Em comemoração ao Dia Mundial do Empreendedorismo Feminino, a Câmara Legislativa realizou audiência pública remota, nesta sexta-feira (19), que contou com a participação de representantes da pauta. O deputado Leandro Grass (Rede), que comandou a reunião, destacou a importância da data, que foi criada pelas Nações Unidas (ONU) com o objetivo de dar mais visibilidade às mulheres que criam e comandam seus próprios negócios, além de combater a desigualdade de gênero.

Grass apresentou dados do Distrito Federal, os quais revelam o crescimento do número de mulheres no mundo dos negócios. “Cerca de 36% dos empreendimentos do DF estão sob responsabilidade de mulheres”, afirmou. O distrital também citou pesquisa do Sebrae que aponta 121 mil mulheres líderes de negócios na Capital Federal com maior escolaridade e menor idade em relação aos homens.

Além dos dados, o parlamentar frisou a necessidade de legislações que incentivem mulheres a liderarem atividades econômicas. Em seguida, mencionou a Lei nº 6756/2020, de sua autoria, que “estabelece incentivos para o incremento das atividades econômicas lideradas por mulheres no Distrito Federal”.


De acordo com a empresária Ana Paola Brandão, sócia e proprietária de grandes empresas do DF, o preconceito foi a primeira barreira que ela enfrentou quando teve de assumir cargos de liderança após a morte de seu esposo, em 2017. “O preconceito existe muito, porque as pessoas não me davam o devido valor e não aceitavam que uma mulher que entrasse lá pudesse ter uma voz mais firme com os homens”, declarou. Ana Paola também disse que, em uma das empresas que ela assumiu, os funcionários, em sua maioria em homens, passaram a respeitá-la somente após os resultados que a empresa obteve em sua gestão.

A empresária acredita que falta incentivo com cursos de capacitação profissional voltados para mulheres, além de garra e objetivos a serem alcançados por elas. “Não é fácil, mas com coragem e uma boa meta a gente consegue; eu consegui”, disse.

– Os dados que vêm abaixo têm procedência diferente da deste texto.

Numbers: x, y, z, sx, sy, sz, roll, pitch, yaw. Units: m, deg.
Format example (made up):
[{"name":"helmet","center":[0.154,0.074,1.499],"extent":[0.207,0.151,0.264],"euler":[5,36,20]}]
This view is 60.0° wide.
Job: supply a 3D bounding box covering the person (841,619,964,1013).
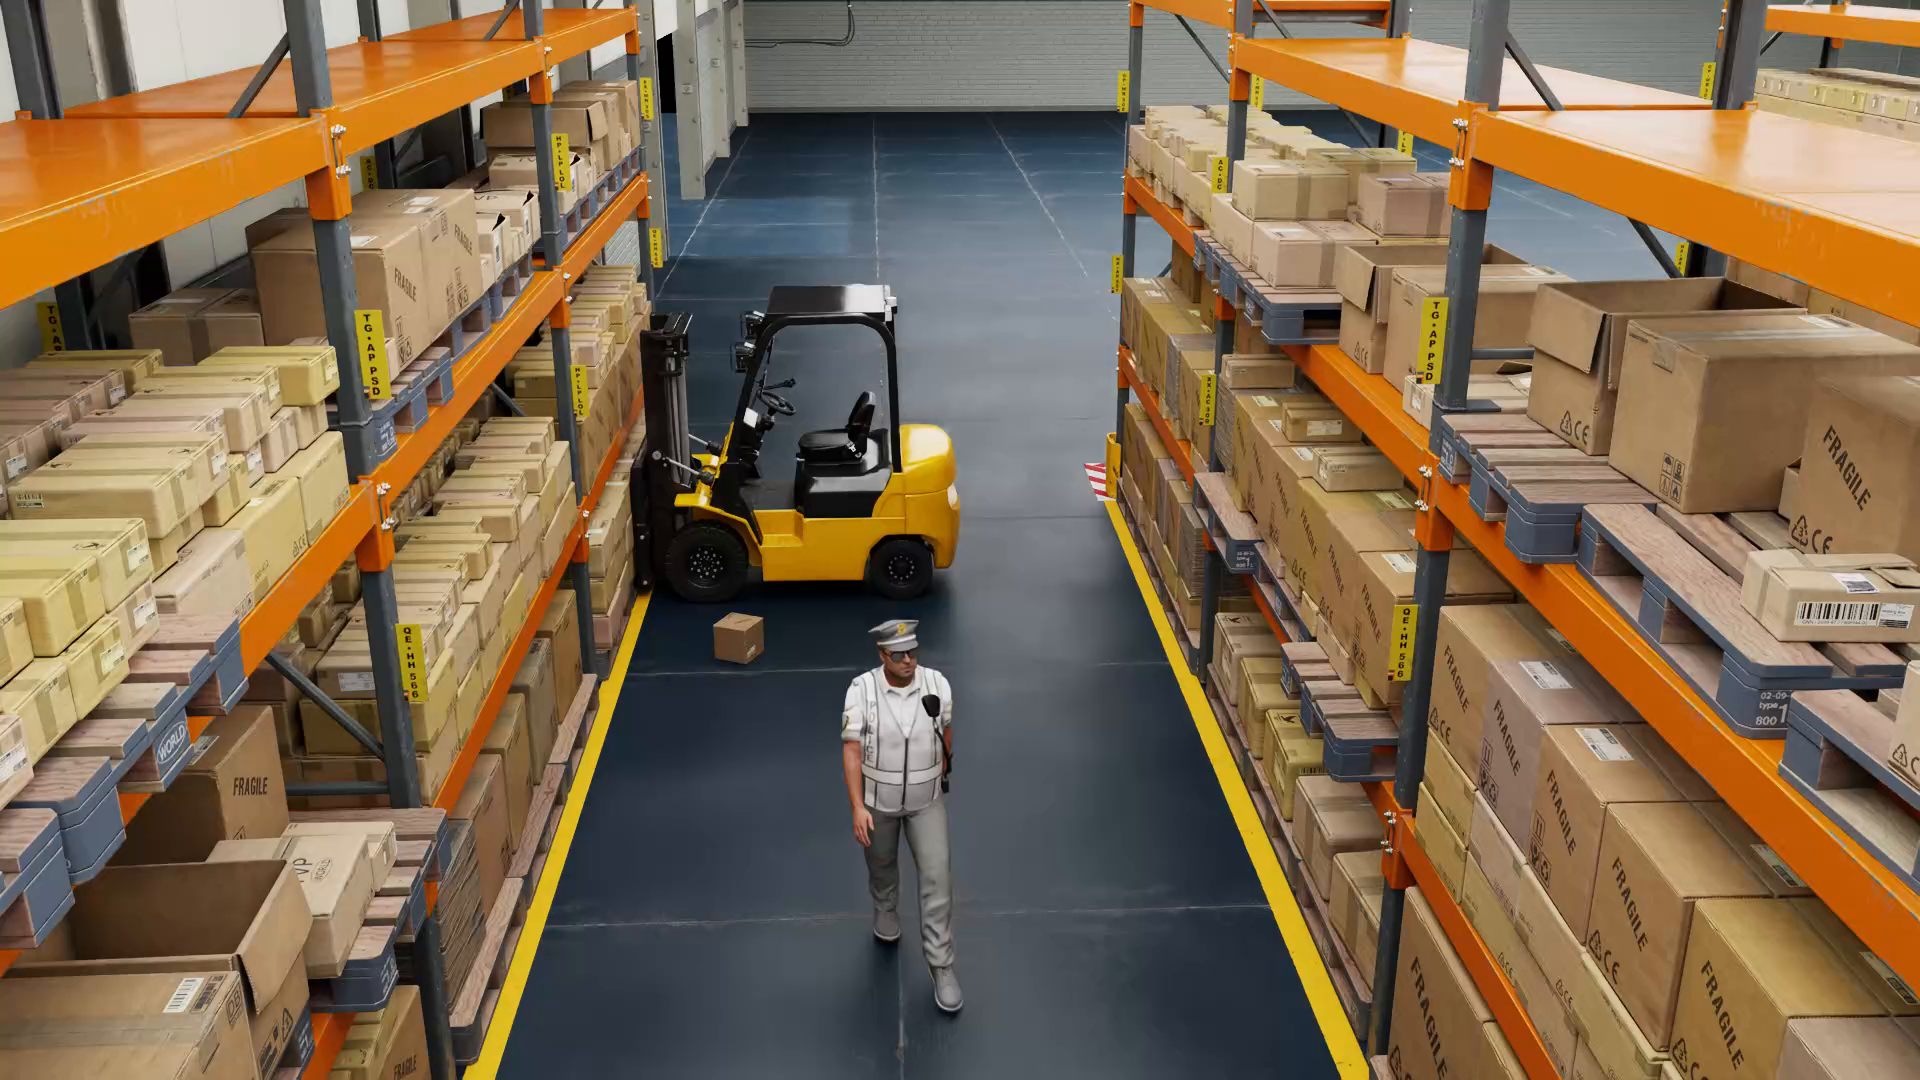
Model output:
[{"name":"person","center":[-0.270,1.210,7.719],"extent":[0.534,1.737,0.913],"euler":[-3,20,-8]}]

Já a administradora de empresas e pesquisadora da UnB, Paula Pantoja, vê o preconceito em todas as esferas. “Eu sou empresária, sou empreendedora social, sou acadêmica e percebo que a gente passa por essa situação em todos os espaços”, relatou. Para Pantoja, não basta ter conhecimento e mais capacitação que os homens, como mencionado pelo deputado Leandro Grass. “Parece que você ainda não chegou lá, que você ainda não é suficiente”, completou.

A presidente da Câmara de Mulheres Empreendedoras da Federação do Comércio, Beatriz Guimarães, entende a necessidade de se ter mais homens debatendo sobre o assunto, pois em muitos ambientes, privados ou do poder público, a mulher é minoria. “Nós temos que trazê-los para o debate, pois quando um homem fala para outro homem a sonoridade acontece e a chance de se ter mudanças é maior”, afirmou.

Ao final, Leandro Grass disse que acredita em um empreendedorismo mais feminino e mais inovador, mas, para isso, é necessário estabelecer meios de protagonismo feminino no segmento econômico, seja com a criação de leis, seja com práticas de incentivo para tal.